### Directions
Down to the last line, reproduce the data that follows, but skip the pictures.

= = =

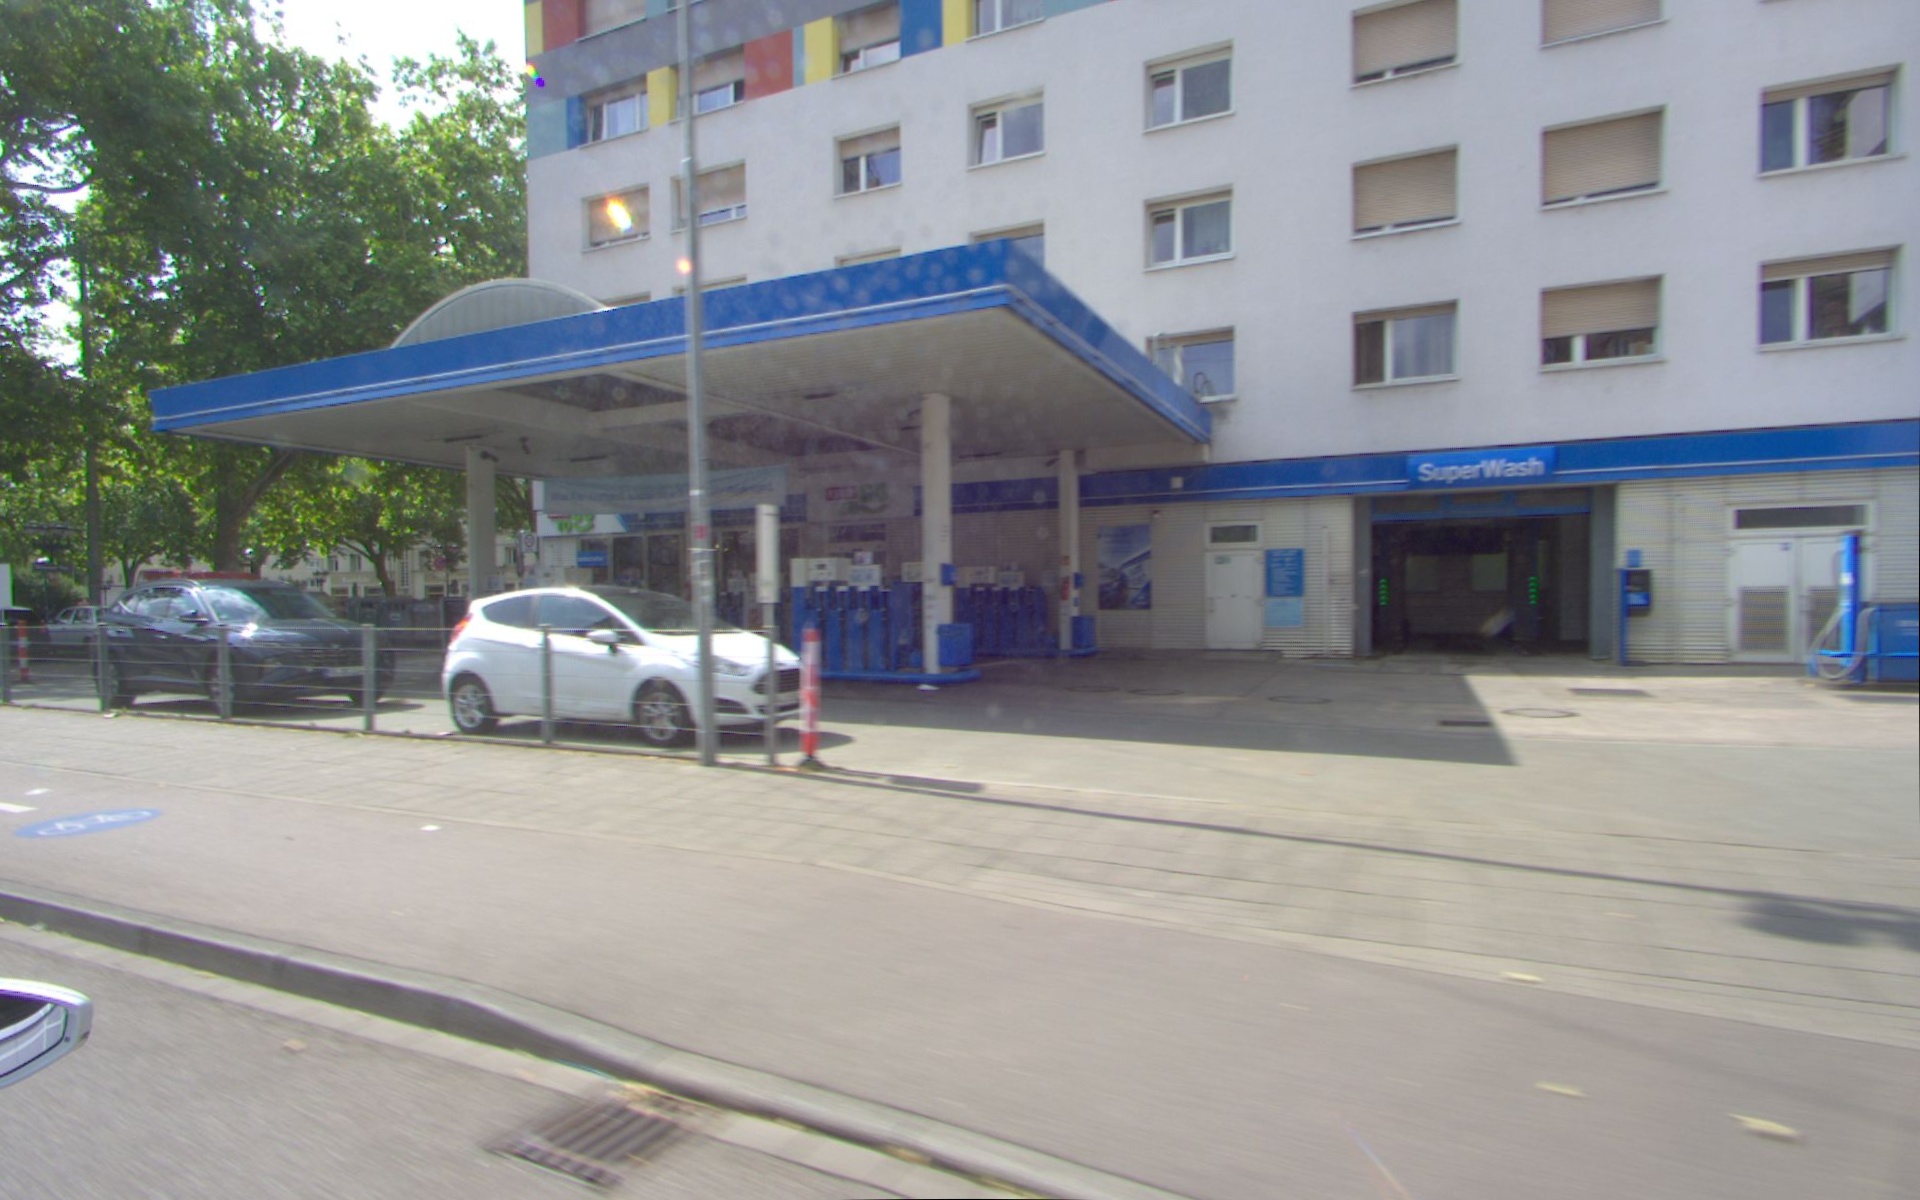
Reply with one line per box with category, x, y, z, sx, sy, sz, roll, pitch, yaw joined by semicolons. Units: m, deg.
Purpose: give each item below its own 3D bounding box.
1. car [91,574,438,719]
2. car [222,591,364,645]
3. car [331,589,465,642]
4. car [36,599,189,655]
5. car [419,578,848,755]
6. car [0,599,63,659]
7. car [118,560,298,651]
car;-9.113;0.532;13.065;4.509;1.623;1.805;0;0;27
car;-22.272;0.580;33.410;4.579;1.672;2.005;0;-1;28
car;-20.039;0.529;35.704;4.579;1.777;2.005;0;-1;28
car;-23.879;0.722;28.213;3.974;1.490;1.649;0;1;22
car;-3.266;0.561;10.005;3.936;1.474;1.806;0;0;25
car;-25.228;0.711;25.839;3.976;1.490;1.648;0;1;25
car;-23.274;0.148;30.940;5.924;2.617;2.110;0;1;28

= = =

### Exercise output
Reply with one line per box with category, x, y, z, sx, sy, sz, roll, pitch, yaw joined by semicolons. Units: m, deg.
Purpose: give each item below its own 3D bounding box.
1. car [91,574,438,719]
2. car [222,591,364,645]
3. car [331,589,465,642]
4. car [36,599,189,655]
5. car [419,578,848,755]
6. car [0,599,63,659]
7. car [118,560,298,651]
car;-9.113;0.532;13.065;4.509;1.623;1.805;0;0;27
car;-22.272;0.580;33.410;4.579;1.672;2.005;0;-1;28
car;-20.039;0.529;35.704;4.579;1.777;2.005;0;-1;28
car;-23.879;0.722;28.213;3.974;1.490;1.649;0;1;22
car;-3.266;0.561;10.005;3.936;1.474;1.806;0;0;25
car;-25.228;0.711;25.839;3.976;1.490;1.648;0;1;25
car;-23.274;0.148;30.940;5.924;2.617;2.110;0;1;28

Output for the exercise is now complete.